To meet a requirement in the 2011 loser-pays law, the Texas Supreme Court must now review two sets of rules for expedited trials. The high court’s task force couldn’t agree on whether expedited trials for low-dollar cases should be mandatory or voluntary.
The Supreme Court Advisory Committee considered the question on Jan. 27, deciding 26-18 that expedited trials should be voluntary. That vote is not binding on the high court.
House Bill 274, the loser-pays law, says the rules for expedited trials are for cases with total damages not exceeding $100,000. The rules are supposed to lower discovery costs and ensure cases are expedited through the courts. The court created the Task Force for Rules in Expedited Civil Actions to draft the new rules.
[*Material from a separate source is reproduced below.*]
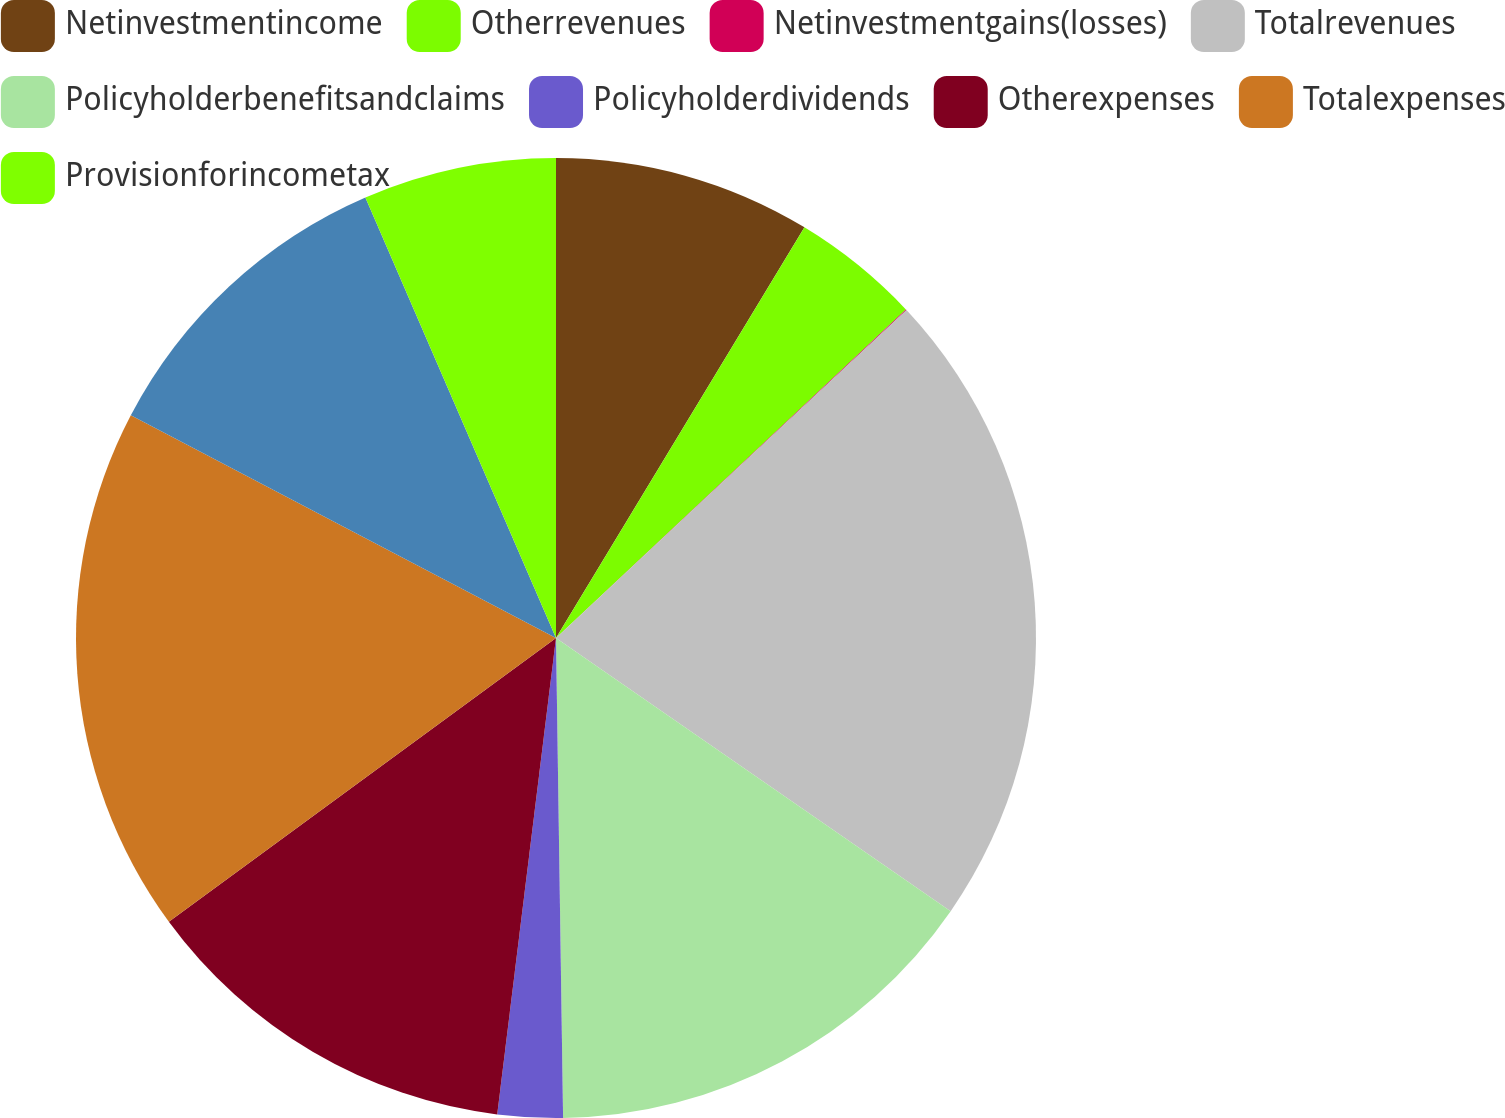Convert chart. <chart><loc_0><loc_0><loc_500><loc_500><pie_chart><fcel>Netinvestmentincome<fcel>Otherrevenues<fcel>Netinvestmentgains(losses)<fcel>Totalrevenues<fcel>Policyholderbenefitsandclaims<fcel>Policyholderdividends<fcel>Otherexpenses<fcel>Totalexpenses<fcel>Unnamed: 8<fcel>Provisionforincometax<nl><fcel>8.66%<fcel>4.34%<fcel>0.03%<fcel>21.61%<fcel>15.13%<fcel>2.19%<fcel>12.98%<fcel>17.75%<fcel>10.82%<fcel>6.5%<nl></chart>

The task force issued its final report Jan. 25 and presented the rules to the SCAC on Jan. 27.
The Jan. 25 report says the task force agreed on many ways to expedite cases: limiting pretrial discovery, requiring parties to disclose documents that support their claims or defenses, setting time limits on oral depositions, requiring courts to follow a mandatory time frame to set cases for trial and prohibiting judges from ordering expedited cases into mandatory alternative dispute resolution. The task force also agreed the $100,000 cap must include damages, as well as costs and attorney’s fees.
But the task force couldn’t agree on the mandatory vs. voluntary question, so it created two sets of rules, one for each scenario.
At the SCAC meeting, task force members Alan Waldrop and David Chamberlain explained the viewpoints of each camp.
“Some aspect is going to have to be mandatory, or it just isn’t going to be effective,” said Waldrop, a partner in Locke Lord in Austin, who generally represents defendants and also serves as outside counsel for Texans for Lawsuit Reform. He says a plaintiff would only face an expedited trial if his pleading claimed damages of $100,000 or less — to avoid it, a plaintiff could claim more.
After an initial pleading triggered an expedited trial, Waldrop explained there would be two “escape hatches” for either a plaintiff or defendant to avoid an expedited trial: filing and winning a motion for good cause, or filing an amended pleading or a counterclaim seeking damages of more than $100,000.
But if a court denied either party’s “escape,” the defendant would get “stuck” with an expedited trial, and the plaintiff would have to accept a “trade-off,” Waldrop said.
“The plaintiff cannot recover a judgment for more than $100,000, period,” he said.
Chamberlain, a senior partner in Chamberlain McHaney in Austin who represents defendants, told the advisory committee he thinks a mandatory rule would be “fundamentally unfair” for defendants, because a plaintiff’s pleading would choose the expedited trial, but “[t]he defendant doesn’t have that option.”
He said a voluntary rule would get better results and “it’s just a matter of educating the bench and the bar about its benefits.”
Chamberlain said, “You can do a lot more with a voluntary rule” — for example, limiting the jury to six people, limiting the length of the trial to two days and limiting the types of appellate challenges. The Constitution and other statutes would prevent those restrictions under a mandatory rule, but the limits would be permissible if both parties voluntarily agreed to them.
“This is designed to be a procedure to be available to the parties that just want a quick answer. They want a ‘yes’ or a ‘no,’ and they want it in two days. Once they get their answer, they’re going to live with it,” Chamberlain said.
Justice Nathan Hecht, the Supreme Court’s liaison to the advisory committee, says the court will consider all the advisory committee’s comments about the task force’s draft mandatory and voluntary rules. The court hopes to seek public comment on the rules this summer, leaving plenty of time to get feedback and make revisions before the 2013 Legislative session.